As I indicated earlier, I’m prepared to accept that the defendant may have been put under some degree of pressure and physical assault from time to time, as is almost… inevitable if one gets involved in the drugs trade, but, as he accepts, that pressure did not amount to duress, and it would obviously have been very much more persuasive if he’d given his later account to police officers in interview, when he was specifically asked by PC Izlania if anyone had forced him or put pressure on him to hold or sell the drugs. It would also have been more persuasive if he hadn’t put forward what I can only describe as a cock and bull story in the defence statement six months before his basis of plea was compiled.

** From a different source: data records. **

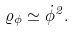Convert formula to latex. <formula><loc_0><loc_0><loc_500><loc_500>\varrho _ { \phi } \simeq \dot { \phi } ^ { 2 } .</formula> 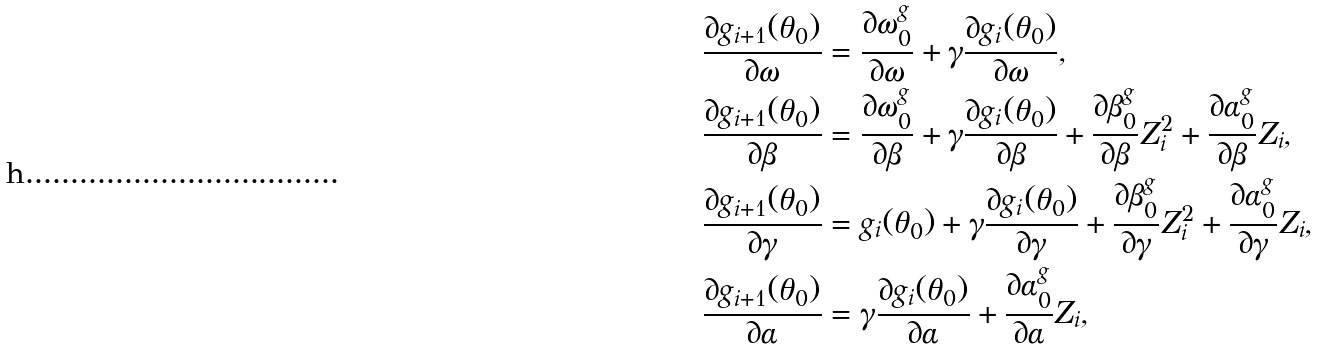<formula> <loc_0><loc_0><loc_500><loc_500>& \frac { \partial g _ { i + 1 } ( \theta _ { 0 } ) } { \partial \omega } = \frac { \partial \omega _ { 0 } ^ { g } } { \partial \omega } + \gamma \frac { \partial g _ { i } ( \theta _ { 0 } ) } { \partial \omega } , \\ & \frac { \partial g _ { i + 1 } ( \theta _ { 0 } ) } { \partial \beta } = \frac { \partial \omega _ { 0 } ^ { g } } { \partial \beta } + \gamma \frac { \partial g _ { i } ( \theta _ { 0 } ) } { \partial \beta } + \frac { \partial \beta _ { 0 } ^ { g } } { \partial \beta } Z _ { i } ^ { 2 } + \frac { \partial \alpha _ { 0 } ^ { g } } { \partial \beta } Z _ { i } , \\ & \frac { \partial g _ { i + 1 } ( \theta _ { 0 } ) } { \partial \gamma } = g _ { i } ( \theta _ { 0 } ) + \gamma \frac { \partial g _ { i } ( \theta _ { 0 } ) } { \partial \gamma } + \frac { \partial \beta _ { 0 } ^ { g } } { \partial \gamma } Z _ { i } ^ { 2 } + \frac { \partial \alpha _ { 0 } ^ { g } } { \partial \gamma } Z _ { i } , \\ & \frac { \partial g _ { i + 1 } ( \theta _ { 0 } ) } { \partial \alpha } = \gamma \frac { \partial g _ { i } ( \theta _ { 0 } ) } { \partial \alpha } + \frac { \partial \alpha _ { 0 } ^ { g } } { \partial \alpha } Z _ { i } ,</formula> 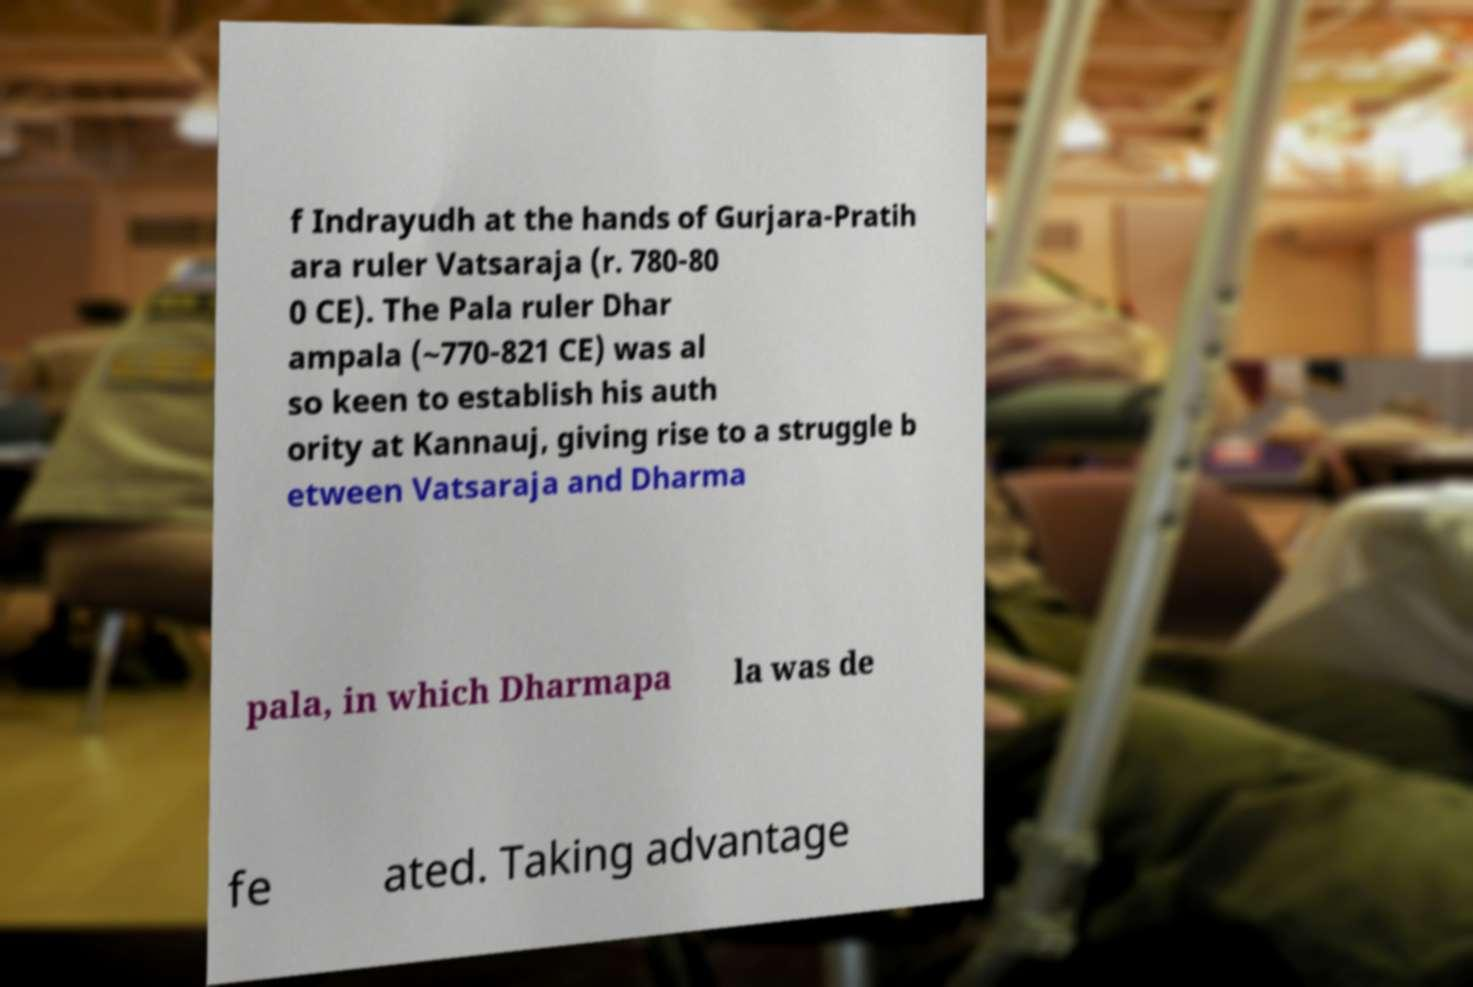Please read and relay the text visible in this image. What does it say? f Indrayudh at the hands of Gurjara-Pratih ara ruler Vatsaraja (r. 780-80 0 CE). The Pala ruler Dhar ampala (~770-821 CE) was al so keen to establish his auth ority at Kannauj, giving rise to a struggle b etween Vatsaraja and Dharma pala, in which Dharmapa la was de fe ated. Taking advantage

I will take that pressure and assault claimed by the - this defendant, I’ll take that into account in the sentencing as a mitigating factor, as the defendant proposed in his basis of plea, but, as I said earlier in an exchange with Mr Kozentis, I don’t find that this significantly affects this defendant’s culpability.

Submissions

8.

Mr Burcombe for the Claimant submits that counsel for the Defendant received a trial fee for this case, and that so should the Appellant. He relies upon R v Hoda (SCCO 11/15, 13 May 2015) and R v Makengele (SC-2019-CRI-000072, 6 January 2019) in arguing that it was not necessary it necessary for evidence to be heard for the hearing on 1 September 2023 to qualify as a Newton hearing. The evidence of the Defendant’s mother and sister had been uploaded in preparation for the hearing, but ultimately the Crown did not take issue with that evidence. As a result, the Defendant’s mother and sister did attend the hearing, but were not called. Mr Recorder Bate-Williams, nonetheless, made findings on their evidence which had a bearing upon sentence.

9.

When I asked Mr Burcombe to identify the disputed facts which Mr Recorder Bate-Williams determined, I understood his response to be that the fact that the Crown did not challenge the evidence offered by the Defendant and his family in relation to the pressure upon him, which had previously been disputed, constituted a finding.

Conclusions

10.

I am unable to accept that submission. A concession by the Crown does not constitute a finding by the court: it makes such a finding unnecessary.

11.

In R v Robert John Newton (1983) 77 Cr. App. R. 13, the Court of Appeal identified the three forms of what is now known as a “Newton Hearing”. Disputed facts may be put before the jury for a decision; the judge may hear evidence and then come to a conclusion; or the judge may hear no live evidence but instead listen to submissions from counsel and then come to a conclusion.

12.

For the purposes of this appeal it is accepted, despite the wording of the 2013 Regulations to which I have referred, that live evidence need not be heard for a hearing to qualify as a Newton hearing. That must be correct, given the principles of R v Newton, to which the 2013 Regulations expressly refer.

13.

The essential point however is that there must be a factual dispute for the judge to resolve. Here, there was none. To the extent that Mr Recorder Bate-Williams referred, in his sentencing remarks, to factual matters, he referred to undisputed factual matters.

14.

Mr Burcombe submits that had the Defendant’s mother and sister been called upon to give evidence, there would be no question that the hearing of 1 September 2023 was a Newton hearing, but they would only have been called to give evidence if some aspect of their evidence had been in dispute. The hearing of 1 September 2023 may have been listed as a Newton hearing, but it proceeded as a sentencing hearing.

15.

It may be that counsel for the Defendant received a fee appropriate to a Newton hearing, but that is not determinative of this appeal. I have to make my own finding on the facts as presented to me, and on the facts of this case my conclusion is that no Newton hearing took place.

16.

For those reasons this appeal must be dismissed.